Pope accepts resignations of St. Paul archbishop, auxiliary

By Maria Wiering
Catholic News Service

ST. PAUL, Minn. (CNS) — Pope Francis accepted the resignations June 15 of Archbishop John C. Nienstedt and Auxiliary Bishop Lee A. Piche of St. Paul and Minneapolis and named coadjutor Archbishop Bernard A. Hebda of Newark, New Jersey, a canon lawyer, to be apostolic administrator of the Minnesota archdiocese.

In a statement, Archbishop Nienstedt said he submitted his resignation to Pope Francis "to give the archdiocese a new beginning amidst the many challenges we face."

"The Catholic Church is not our church, but Christ’s church, and we are merely stewards for a time," he said. "My leadership has unfortunately drawn away from the good works of his church and those who perform them. Thus, my decision to step down."

On June 5, the Ramsey County Attorney’s Office filed criminal and civil charges against the archdiocese alleging it failed to protect three boys who were sexually abused in 2008-2010 by Curtis Wehmeyer, a former priest of the archdiocese.

Wehmeyer was convicted of the abuse and is serving a five-year prison sentence. He was dismissed from the priesthood in March.

Archbishop Nienstedt, 68, was appointed coadjutor archbishop of St. Paul and Minneapolis in 2007, and installed as its archbishop in June 2008, succeeding Archbishop Harry J. Flynn, who retired.
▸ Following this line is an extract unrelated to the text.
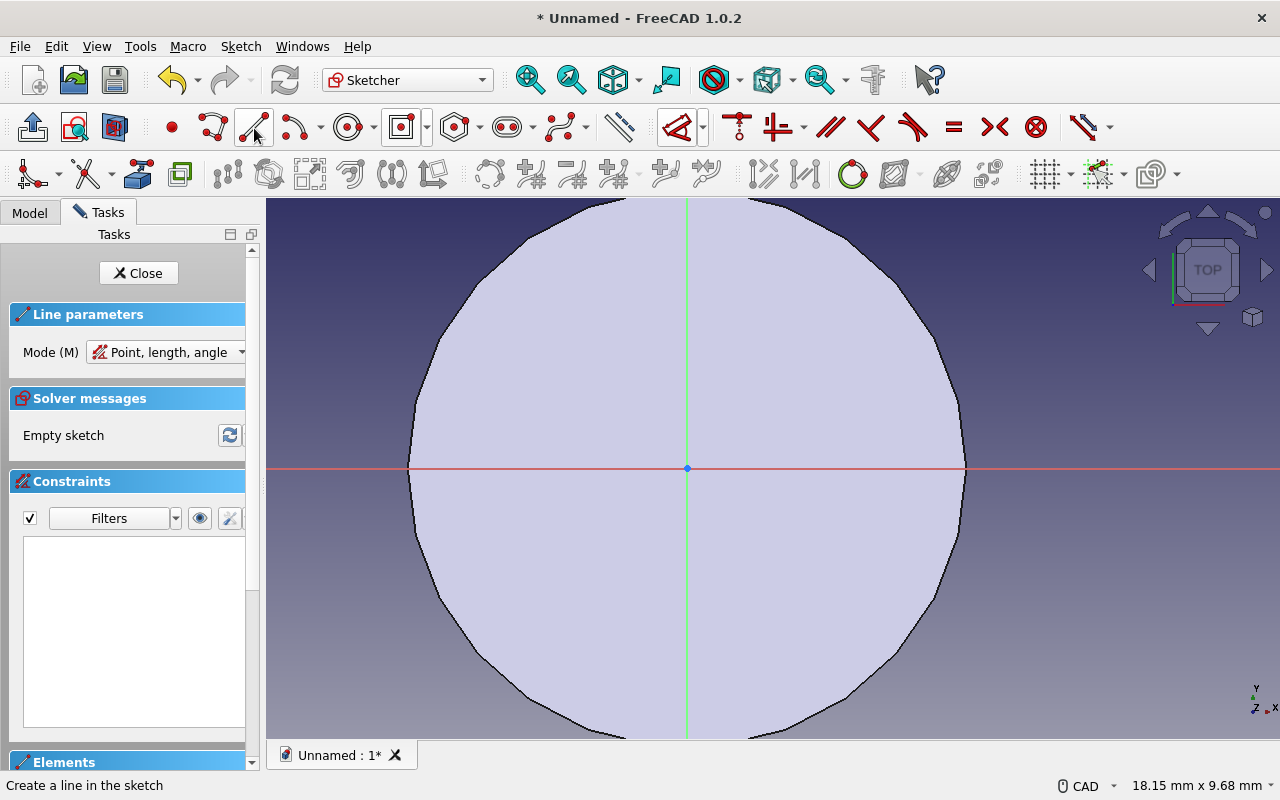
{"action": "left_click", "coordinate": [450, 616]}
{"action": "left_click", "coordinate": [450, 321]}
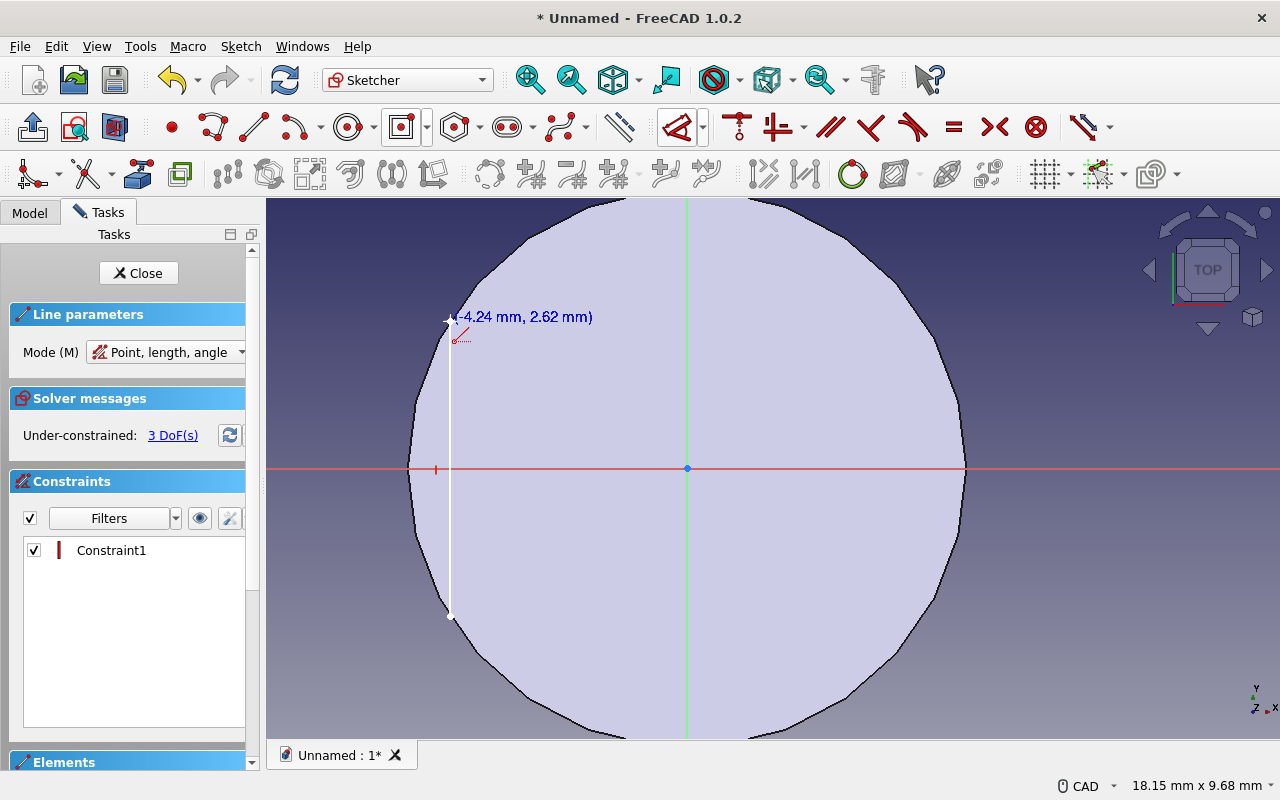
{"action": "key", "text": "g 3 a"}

Previously, Archbishop Nienstedt was bishop of New Ulm, Minnesota, from 2001 to 2007, and auxiliary bishop of Detroit from 1996 to 2001.

Bishop Piche, 57, was ordained as an auxiliary for St. Paul and Minneapolis in 2009.

Archbishopd Hebda plans to serve both the Minnesota and Newark archdioceses until Pope Francis names Archbishop Nienstedt’s successor.

The Archdiocese of St. Paul and Minneapolis filed in January for reorganization under Chapter 11 of the U.S. Bankruptcy Code amid mounting claims of clergy sexual abuse. In 2013, the Minnesota Legislature lifted the civil statute of limitations on claims of child sexual abuse for a three-year period.

In May, the archdiocese announced that it would sell archdiocesan offices, including the archbishop’s residence, as part of the reorganization.

Barbara Dorris, outreach director of the Survivors Network of Those Abused by Priests, known as SNAP, welcomed the resignations. But she said that "one or two or three small steps doesn’t erase decades of complicity," and added that Pope Francis’ "public relations advisers are trying hard to burnish his imagine prior to his U.S. trip."